Kaiba visibly collapsed into himself. "Idiot! Just what kind of assassin do you think you are?" Ryuuji had to physically hold him back as he strangled air and reached for the man with the gun threateningly.

"Seto," he soothed rather poorly, "being killed by someone who's incompetent can't be too bad."

"How will he kill us with one bullet?"

"We're on a very tall building."

Seto looked horrified at the idea. "Jump from a building? Oh god, I'm being killed by an amateur…."

The stranger winced at the accusation and attempted to defend himself, "Listen, I have been killing people since I was—"

"Talk to me when you know what you're doing, okay?" Kaiba interrupted. "I can't believe it. Society is more competitive than professional soccer, and even common criminals are impossible to expect results from."

"Hey, I didn't think I would need so many to get you two up here. You, Kaiba-san, would not shut up."

"And what, you didn't anticipate that and pack extra bullets?"

"Ah, no…."

"Oh, well in that case I should be glad you still have one. Do all of us and your employer a favor and just shoot yourself."

"I'll shoot you if you don't shut the fuck up," the man said angrily, holding the gun up to Kaiba's nose. Ryuuji yelped and Kaiba saw in his mind's eye a very small dog.

"Go ahead and shoot. You'll miss. Maybe you want me to shoot myself for you. At least that way we both know it'll get done."

"He's right," Ryuuji added optimistically, "he'll do a good job. Perfectionist, you know."

"OH WILL YOU BOTH JUST SHUT UP!" the man screamed, waving the gun about in a frenzied dance. Ryuuji wasn't sure about the tempo, but tapped his foot anyway. At least he was going to die amused.

Unfortunately, the last thing Seto wanted to do was go to Hell with a song in his head. "Cut that out," he ordered harshly and Ryuuji stopped trying to hum along. Deaf men carried tunes better.

"I can't take this. Five billion is not enough money to kill one of you. There is no money in the world to pay that. I'm just going to give up now."

Ryuuji and Seto watched, one with alarm and the other with disinterested interest, as the man raised the gun for the final time to his own temple. Ryuuji was first to respond.

"Stop! It's not so bad. You don't want to get blood all over the place."

It seemed not to have occurred to Ryuuji the irony of convincing the man who had wanted to kill him not to commit suicide.

"I don't want to live in a world where people like you two exist."

"Oh, quite bitching about it. You were supposed to stop us from existing thirty-five minutes ago," Seto snapped irritably from the background where he was trying to force open the stairway door through determined manhandling of the knob. Unlike Ryuuji, his survival instinct hadn't completely malfunctioned.

"Well, I'm sorry if I am overreacting when I suddenly realize that the fate of this country's economy is in the hands of two lunatics with beef over American crime drama torture." The man's voice climbed as he spoke, reaching the peak of high-pitched hysteria, and then promptly crashing back down.
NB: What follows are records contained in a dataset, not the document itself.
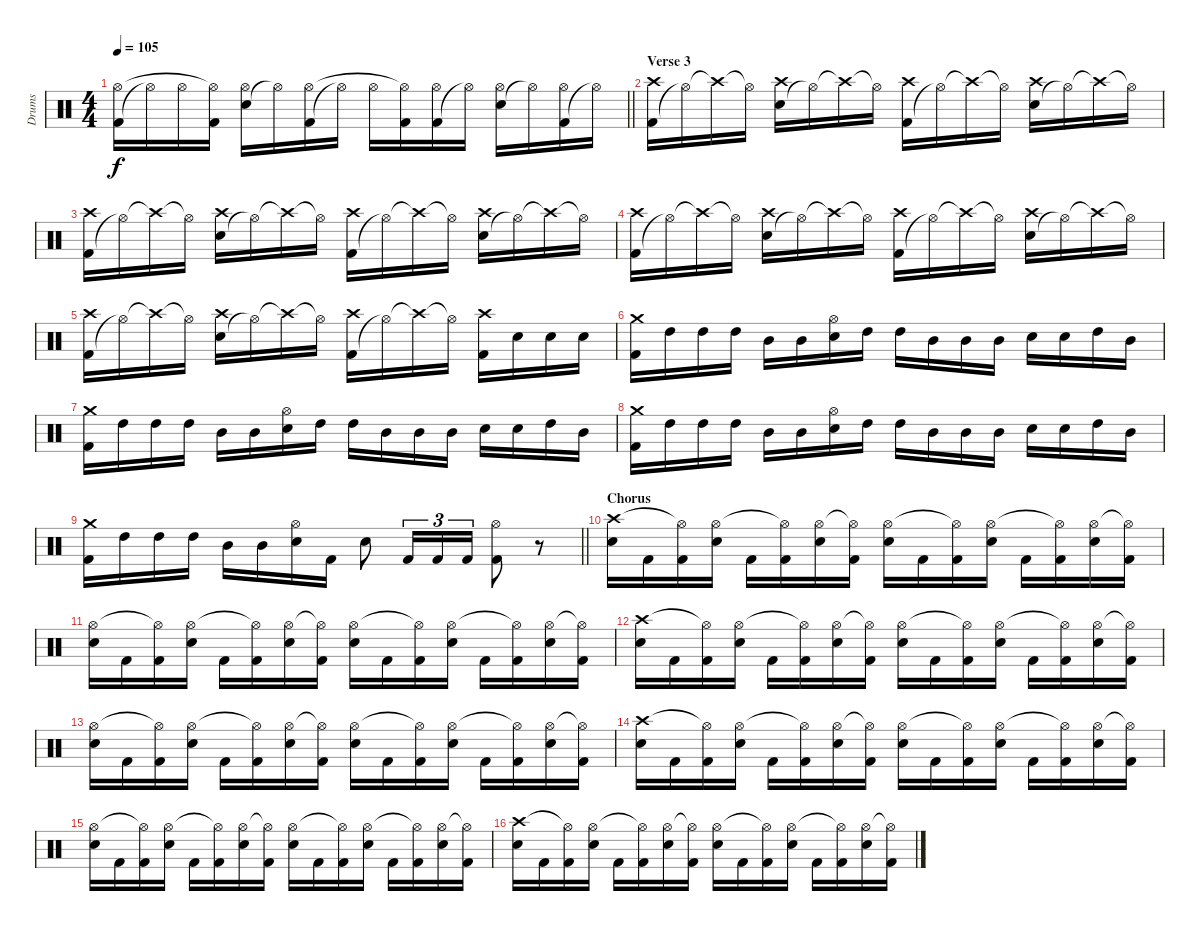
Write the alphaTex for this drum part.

\track ("Drums" "Drums") {instrument percussion}
\staff {score}
\articulation defaults
\ts (4 4)
\tempo 105
\clef neutral
\barLineRight lightlight
\ks c
("Kick (hit) 2" "Hi-Hat (open)").16{dy f} "Hi-Hat (open)"{t}.16 "Hi-Hat (open)".16 ("Kick (hit) 2" "Hi-Hat (open)"{t}).16 ("Snare (hit) 2" "Hi-Hat (open)").16 "Hi-Hat (open)"{t}.16 ("Kick (hit) 2" "Hi-Hat (open)").16 "Hi-Hat (open)"{t}.16 "Hi-Hat (open)".16 ("Kick (hit) 2" "Hi-Hat (open)"{t}).16 ("Kick (hit) 2" "Hi-Hat (open)").16 "Hi-Hat (open)"{t}.16 ("Snare (hit) 2" "Hi-Hat (open)").16 "Hi-Hat (open)"{t}.16 ("Kick (hit) 2" "Hi-Hat (open)").16 "Hi-Hat (open)"{t}.16 |
\section ("" "Verse 3")
("Kick (hit) 2" "Crash high (hit)").16 "Hi-Hat (open)"{t}.16 "Crash high (hit)"{t}.16 "Hi-Hat (open)"{t}.16 ("Snare (hit) 2" "Crash high (hit)").16 "Hi-Hat (open)"{t}.16 "Crash high (hit)"{t}.16 "Hi-Hat (open)"{t}.16 ("Kick (hit) 2" "Crash high (hit)").16 "Hi-Hat (open)"{t}.16 "Crash high (hit)"{t}.16 "Hi-Hat (open)"{t}.16 ("Snare (hit) 2" "Crash high (hit)").16 "Hi-Hat (open)"{t}.16 "Crash high (hit)"{t}.16 "Hi-Hat (open)"{t}.16 |
("Kick (hit) 2" "Crash high (hit)").16 "Hi-Hat (open)"{t}.16 "Crash high (hit)"{t}.16 "Hi-Hat (open)"{t}.16 ("Snare (hit) 2" "Crash high (hit)").16 "Hi-Hat (open)"{t}.16 "Crash high (hit)"{t}.16 "Hi-Hat (open)"{t}.16 ("Kick (hit) 2" "Crash high (hit)").16 "Hi-Hat (open)"{t}.16 "Crash high (hit)"{t}.16 "Hi-Hat (open)"{t}.16 ("Snare (hit) 2" "Crash high (hit)").16 "Hi-Hat (open)"{t}.16 "Crash high (hit)"{t}.16 "Hi-Hat (open)"{t}.16 |
("Kick (hit) 2" "Crash high (hit)").16 "Hi-Hat (open)"{t}.16 "Crash high (hit)"{t}.16 "Hi-Hat (open)"{t}.16 ("Snare (hit) 2" "Crash high (hit)").16 "Hi-Hat (open)"{t}.16 "Crash high (hit)"{t}.16 "Hi-Hat (open)"{t}.16 ("Kick (hit) 2" "Crash high (hit)").16 "Hi-Hat (open)"{t}.16 "Crash high (hit)"{t}.16 "Hi-Hat (open)"{t}.16 ("Snare (hit) 2" "Crash high (hit)").16 "Hi-Hat (open)"{t}.16 "Crash high (hit)"{t}.16 "Hi-Hat (open)"{t}.16 |
("Kick (hit) 2" "Crash high (hit)").16 "Hi-Hat (open)"{t}.16 "Crash high (hit)"{t}.16 "Hi-Hat (open)"{t}.16 ("Snare (hit) 2" "Crash high (hit)").16 "Hi-Hat (open)"{t}.16 "Crash high (hit)"{t}.16 "Hi-Hat (open)"{t}.16 ("Kick (hit) 2" "Crash high (hit)").16 "Hi-Hat (open)"{t}.16 "Crash high (hit)"{t}.16 "Hi-Hat (open)"{t}.16 ("Kick (hit) 2" "Crash high (hit)").16 "Snare (hit) 2".16 "Snare (hit) 2".16 "Snare (hit) 2".16 |
("Kick (hit) 2" "Crash medium (hit)").16 "High Tom (hit)".16 "High Tom (hit)".16 "High Tom (hit)".16 "Mid Tom (hit)".16 "Mid Tom (hit)".16 ("Snare (hit) 2" "Hi-Hat (open)").16 "High Tom (hit)".16 "High Tom (hit)".16 "Mid Tom (hit)".16 "Mid Tom (hit)".16 "Mid Tom (hit)".16 "Snare (hit) 2".16 "Snare (hit) 2".16 "High Tom (hit)".16 "Mid Tom (hit)".16 |
("Kick (hit) 2" "Crash medium (hit)").16 "High Tom (hit)".16 "High Tom (hit)".16 "High Tom (hit)".16 "Mid Tom (hit)".16 "Mid Tom (hit)".16 ("Snare (hit) 2" "Hi-Hat (open)").16 "High Tom (hit)".16 "High Tom (hit)".16 "Mid Tom (hit)".16 "Mid Tom (hit)".16 "Mid Tom (hit)".16 "Snare (hit) 2".16 "Snare (hit) 2".16 "High Tom (hit)".16 "Mid Tom (hit)".16 |
("Kick (hit) 2" "Crash medium (hit)").16 "High Tom (hit)".16 "High Tom (hit)".16 "High Tom (hit)".16 "Mid Tom (hit)".16 "Mid Tom (hit)".16 ("Snare (hit) 2" "Hi-Hat (open)").16 "High Tom (hit)".16 "High Tom (hit)".16 "Mid Tom (hit)".16 "Mid Tom (hit)".16 "Mid Tom (hit)".16 "Snare (hit) 2".16 "Snare (hit) 2".16 "High Tom (hit)".16 "Mid Tom (hit)".16 |
\barLineRight lightlight
("Kick (hit) 2" "Crash medium (hit)").16 "High Tom (hit)".16 "High Tom (hit)".16 "High Tom (hit)".16 "Mid Tom (hit)".16 "Mid Tom (hit)".16 ("Snare (hit) 2" "Hi-Hat (open)").16 "Kick (hit) 2".16 "Snare (hit) 2".8 "Kick (hit) 2".16{tu (3 2)} "Kick (hit) 2".16{tu (3 2)} "Kick (hit) 2".16{tu (3 2)} ("Hi-Hat (open)" "Kick (hit) 2").8 r.8 |
\section ("" "Chorus")
("Snare (hit) 2" "Crash high (hit)").16 "Kick (hit) 2".16 ("Kick (hit) 2" "Hi-Hat (open)"{t}).16 ("Snare (hit) 2" "Hi-Hat (open)").16 "Kick (hit) 2".16 ("Kick (hit) 2" "Hi-Hat (open)"{t}).16 ("Snare (hit) 2" "Hi-Hat (open)").16 ("Kick (hit) 2" "Hi-Hat (open)"{t}).16 ("Snare (hit) 2" "Hi-Hat (open)").16 "Kick (hit) 2".16 ("Kick (hit) 2" "Hi-Hat (open)"{t}).16 ("Snare (hit) 2" "Hi-Hat (open)").16 "Kick (hit) 2".16 ("Kick (hit) 2" "Hi-Hat (open)"{t}).16 ("Snare (hit) 2" "Hi-Hat (open)").16 ("Kick (hit) 2" "Hi-Hat (open)"{t}).16 |
("Snare (hit) 2" "Hi-Hat (open)").16 "Kick (hit) 2".16 ("Kick (hit) 2" "Hi-Hat (open)"{t}).16 ("Snare (hit) 2" "Hi-Hat (open)").16 "Kick (hit) 2".16 ("Kick (hit) 2" "Hi-Hat (open)"{t}).16 ("Snare (hit) 2" "Hi-Hat (open)").16 ("Kick (hit) 2" "Hi-Hat (open)"{t}).16 ("Snare (hit) 2" "Hi-Hat (open)").16 "Kick (hit) 2".16 ("Kick (hit) 2" "Hi-Hat (open)"{t}).16 ("Snare (hit) 2" "Hi-Hat (open)").16 "Kick (hit) 2".16 ("Kick (hit) 2" "Hi-Hat (open)"{t}).16 ("Snare (hit) 2" "Hi-Hat (open)").16 ("Kick (hit) 2" "Hi-Hat (open)"{t}).16 |
("Snare (hit) 2" "Crash high (hit)").16 "Kick (hit) 2".16 ("Kick (hit) 2" "Hi-Hat (open)"{t}).16 ("Snare (hit) 2" "Hi-Hat (open)").16 "Kick (hit) 2".16 ("Kick (hit) 2" "Hi-Hat (open)"{t}).16 ("Snare (hit) 2" "Hi-Hat (open)").16 ("Kick (hit) 2" "Hi-Hat (open)"{t}).16 ("Snare (hit) 2" "Hi-Hat (open)").16 "Kick (hit) 2".16 ("Kick (hit) 2" "Hi-Hat (open)"{t}).16 ("Snare (hit) 2" "Hi-Hat (open)").16 "Kick (hit) 2".16 ("Kick (hit) 2" "Hi-Hat (open)"{t}).16 ("Snare (hit) 2" "Hi-Hat (open)").16 ("Kick (hit) 2" "Hi-Hat (open)"{t}).16 |
("Snare (hit) 2" "Hi-Hat (open)").16 "Kick (hit) 2".16 ("Kick (hit) 2" "Hi-Hat (open)"{t}).16 ("Snare (hit) 2" "Hi-Hat (open)").16 "Kick (hit) 2".16 ("Kick (hit) 2" "Hi-Hat (open)"{t}).16 ("Snare (hit) 2" "Hi-Hat (open)").16 ("Kick (hit) 2" "Hi-Hat (open)"{t}).16 ("Snare (hit) 2" "Hi-Hat (open)").16 "Kick (hit) 2".16 ("Kick (hit) 2" "Hi-Hat (open)"{t}).16 ("Snare (hit) 2" "Hi-Hat (open)").16 "Kick (hit) 2".16 ("Kick (hit) 2" "Hi-Hat (open)"{t}).16 ("Snare (hit) 2" "Hi-Hat (open)").16 ("Kick (hit) 2" "Hi-Hat (open)"{t}).16 |
("Snare (hit) 2" "Crash high (hit)").16 "Kick (hit) 2".16 ("Kick (hit) 2" "Hi-Hat (open)"{t}).16 ("Snare (hit) 2" "Hi-Hat (open)").16 "Kick (hit) 2".16 ("Kick (hit) 2" "Hi-Hat (open)"{t}).16 ("Snare (hit) 2" "Hi-Hat (open)").16 ("Kick (hit) 2" "Hi-Hat (open)"{t}).16 ("Snare (hit) 2" "Hi-Hat (open)").16 "Kick (hit) 2".16 ("Kick (hit) 2" "Hi-Hat (open)"{t}).16 ("Snare (hit) 2" "Hi-Hat (open)").16 "Kick (hit) 2".16 ("Kick (hit) 2" "Hi-Hat (open)"{t}).16 ("Snare (hit) 2" "Hi-Hat (open)").16 ("Kick (hit) 2" "Hi-Hat (open)"{t}).16 |
("Snare (hit) 2" "Hi-Hat (open)").16 "Kick (hit) 2".16 ("Kick (hit) 2" "Hi-Hat (open)"{t}).16 ("Snare (hit) 2" "Hi-Hat (open)").16 "Kick (hit) 2".16 ("Kick (hit) 2" "Hi-Hat (open)"{t}).16 ("Snare (hit) 2" "Hi-Hat (open)").16 ("Kick (hit) 2" "Hi-Hat (open)"{t}).16 ("Snare (hit) 2" "Hi-Hat (open)").16 "Kick (hit) 2".16 ("Kick (hit) 2" "Hi-Hat (open)"{t}).16 ("Snare (hit) 2" "Hi-Hat (open)").16 "Kick (hit) 2".16 ("Kick (hit) 2" "Hi-Hat (open)"{t}).16 ("Snare (hit) 2" "Hi-Hat (open)").16 ("Kick (hit) 2" "Hi-Hat (open)"{t}).16 |
("Snare (hit) 2" "Crash high (hit)").16 "Kick (hit) 2".16 ("Kick (hit) 2" "Hi-Hat (open)"{t}).16 ("Snare (hit) 2" "Hi-Hat (open)").16 "Kick (hit) 2".16 ("Kick (hit) 2" "Hi-Hat (open)"{t}).16 ("Snare (hit) 2" "Hi-Hat (open)").16 ("Kick (hit) 2" "Hi-Hat (open)"{t}).16 ("Snare (hit) 2" "Hi-Hat (open)").16 "Kick (hit) 2".16 ("Kick (hit) 2" "Hi-Hat (open)"{t}).16 ("Snare (hit) 2" "Hi-Hat (open)").16 "Kick (hit) 2".16 ("Kick (hit) 2" "Hi-Hat (open)"{t}).16 ("Snare (hit) 2" "Hi-Hat (open)").16 ("Kick (hit) 2" "Hi-Hat (open)"{t}).16
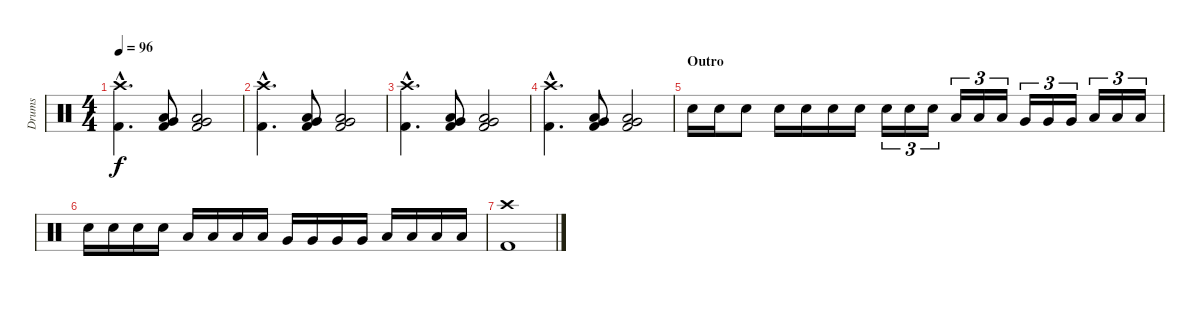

The result was him kneeling over and asking God what the hell he was thinking when he invented cherry cough syrup and microwave dinners, before passing out from the stress of direct contact to a celestial being. (Everyone knows God only listens to people who have gone insane—no offense, but they're just a lot more interesting than everyone else.)

"Oh crap," Ryuuji muttered, "If I were naturally optimistic, I'd say its good we're alive and he's unconscious. I'm not, so I'm just going to stare at everything around me and wonder how I measure up to the universe now that I have cheated Death."

"Whatever," Seto said, before shooting the door handle with the stranger's last bullet. An audience in his mind cheered for him and his manly ability to shoot a gun and break down a door. He was feeling very proud and filled to the brim with himself, but something caught him as not being right. He was a perfectionist, so he grabbed Ryuuji.

Ryuuji was rather stunned by this (he could've sworn Seto had just reached seven feet out without taking a step), but watched patiently as Seto went through motions, spelling out for his boyfriend primitively, "Me Kaiba, me shoot gun BANG, me open door, me need worship."

"Yay, the door opens!" Ryuuji cheered appropriately. Hand in pocket and hand on shoulder, they descended the stairs. Behind them, twitching as though he felt an itch and thought twice about scratching, the stranger without a gun dreamed about puppies and someone whispering in his ear, "In the criminal justice system…something…something…oh crap…ah, these are their stories."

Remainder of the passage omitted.